I doubt they are blueprinted. But really the percentage increases re working loads re performance are lost on me at a point where the machine life suffers, given that durability is still suspect on that lineup. Ya fun but I have enough to do without another teardown.


----------



## cedar rat (Sep 18, 2018)

Trickyputt said:


> I doubt they are blueprinted. But really the percentage increases re working loads re performance are lost on me at a point where the machine life suffers, given that durability is still suspect on that lineup. Ya fun but I have enough to do without another teardown.



Out of the kits we've done, I've found only one cylinder that did not need a little clean up, a ms250 kit. One of the other kits had a bad port with some really sharp rough edges, it took quite a lot of sanding with 400 grit to round edges, to get a wee bit of bevel and smooth off some bumps that hung down from the top of the port. I would not have wanted to run it the way it came out of the box. I bought a couple new dremels after doing that cylinder.


----------



## Trickyputt (Sep 18, 2018)

Oil flow would be my main concern. I remember a variety of high test auto motors that once the oil flow ports were cleaned up made fine racing engines, but for an untouched daily driver were a fail.


----------



## SmellyPirateHooker (Sep 19, 2018)

I'm seriously thinking about grabbing the 070 and putting a 090 jug on it.
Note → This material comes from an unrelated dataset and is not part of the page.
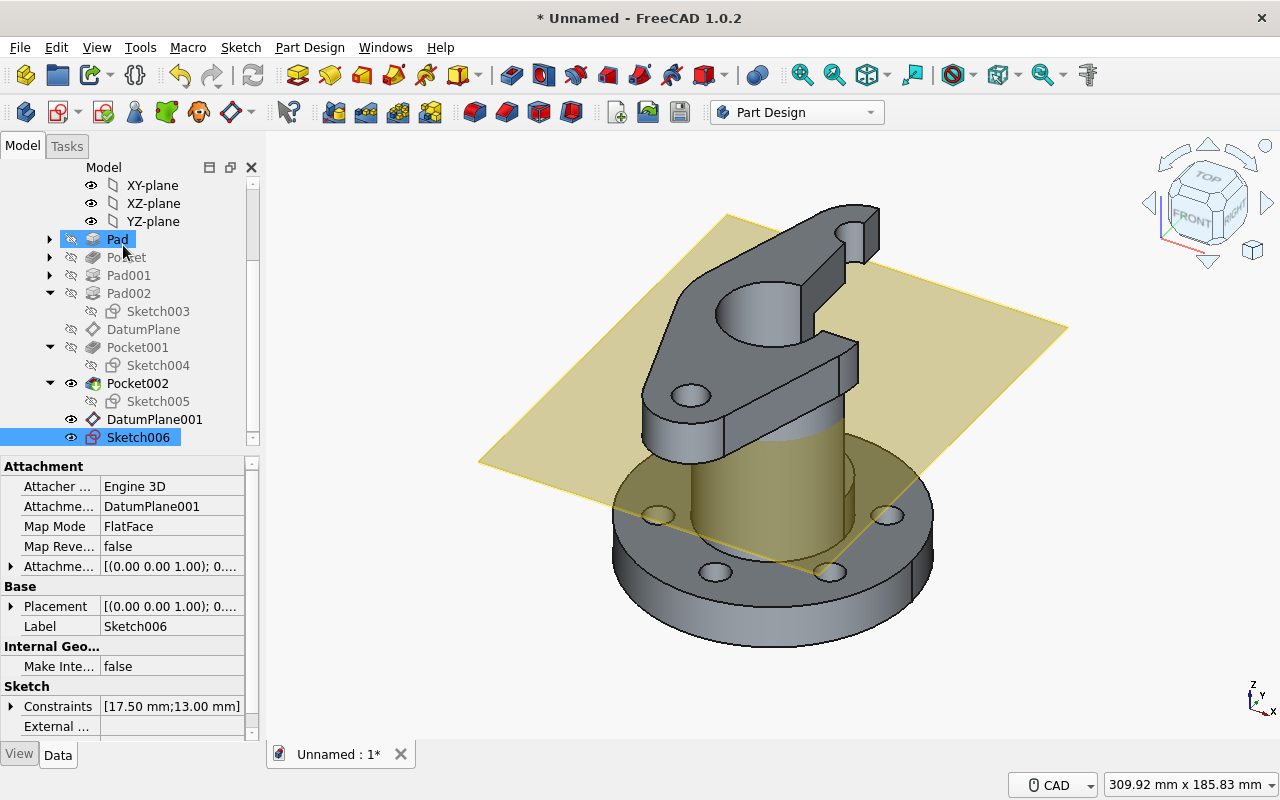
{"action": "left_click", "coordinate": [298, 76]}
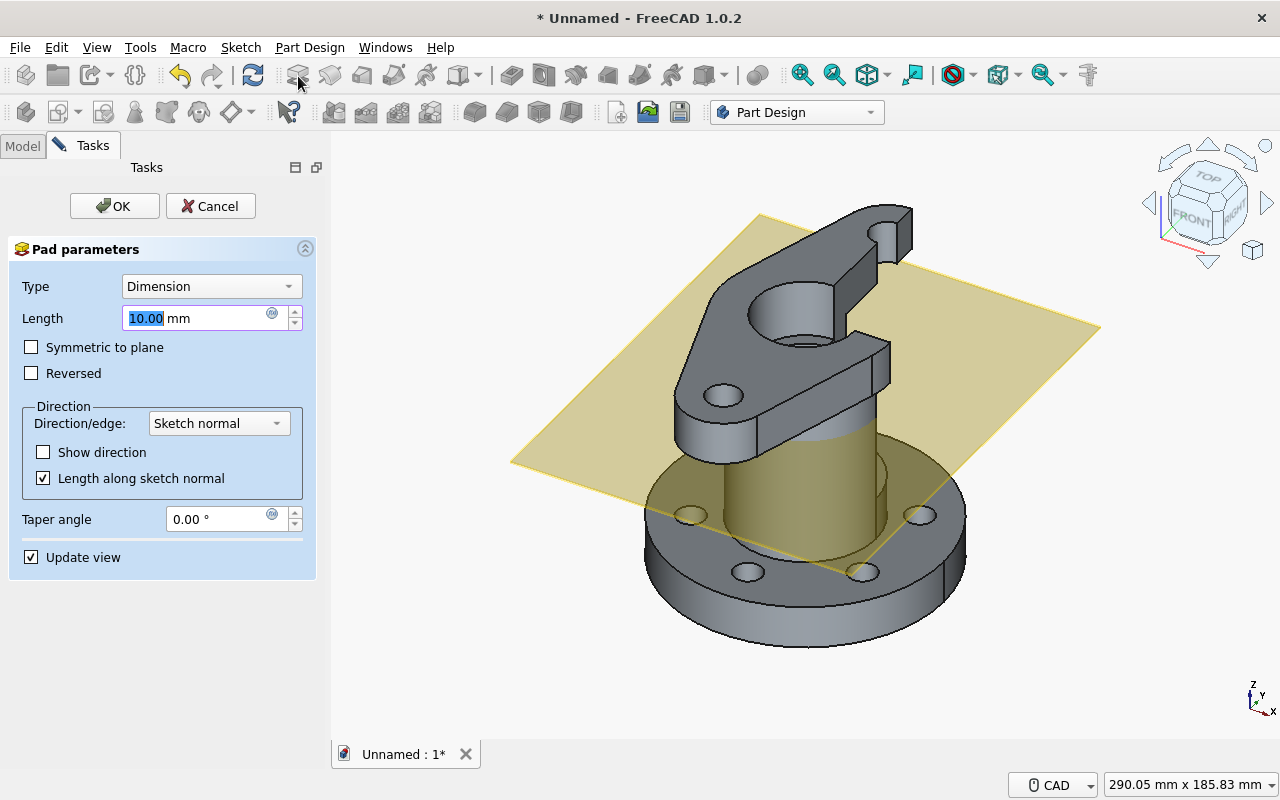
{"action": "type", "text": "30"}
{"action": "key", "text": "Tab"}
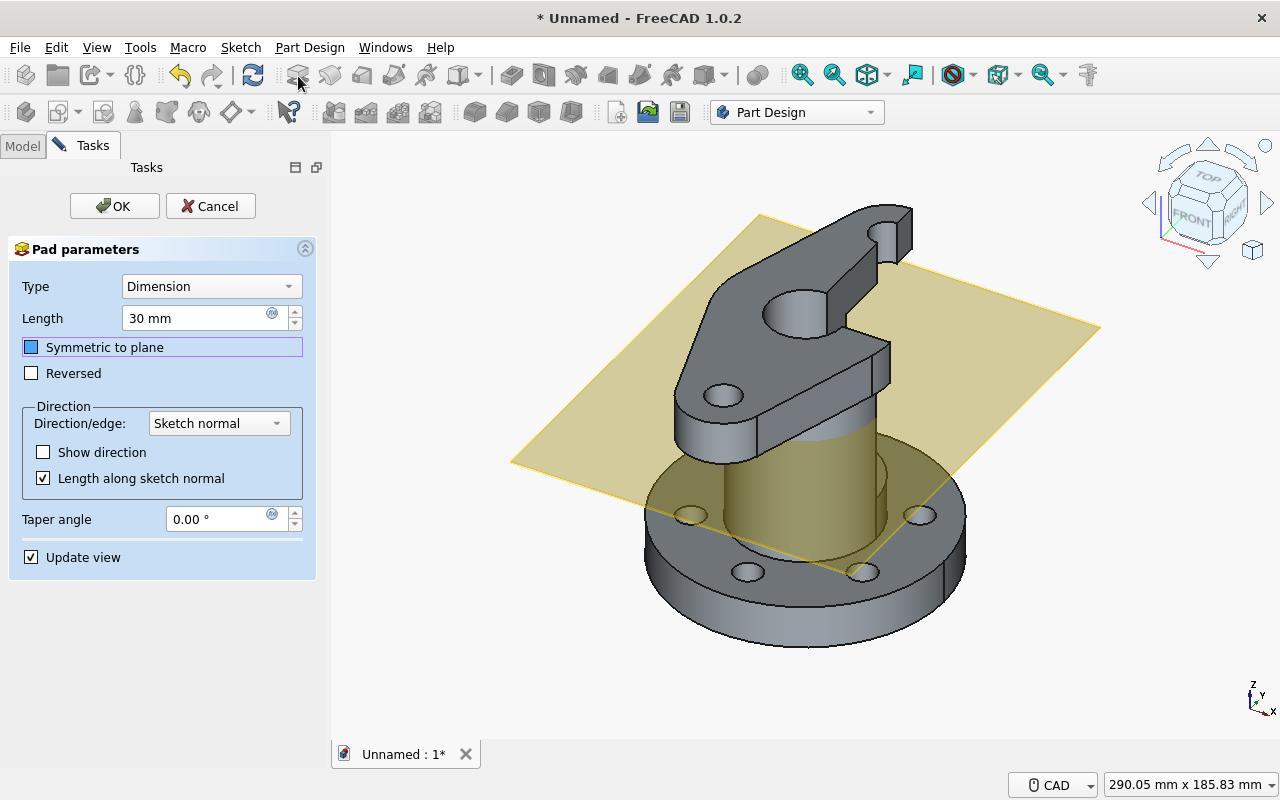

I need a big cc saw to fill (well, don't really need) and planned on playing with it anyway.


----------



## Trickyputt (Sep 19, 2018)

You better build it. It does not seem like a 29 percent increase but divide the smaller number into the larger and then think about some asian guy trying to get away with the minimum strength of lower end necessary to handle the 070.


----------



## SmellyPirateHooker (Sep 20, 2018)

Trickyputt said:


> You better build it. It does not seem like a 29 percent increase but divide the smaller number into the larger and then think about some asian guy trying to get away with the minimum strength of lower end necessary to handle the 070.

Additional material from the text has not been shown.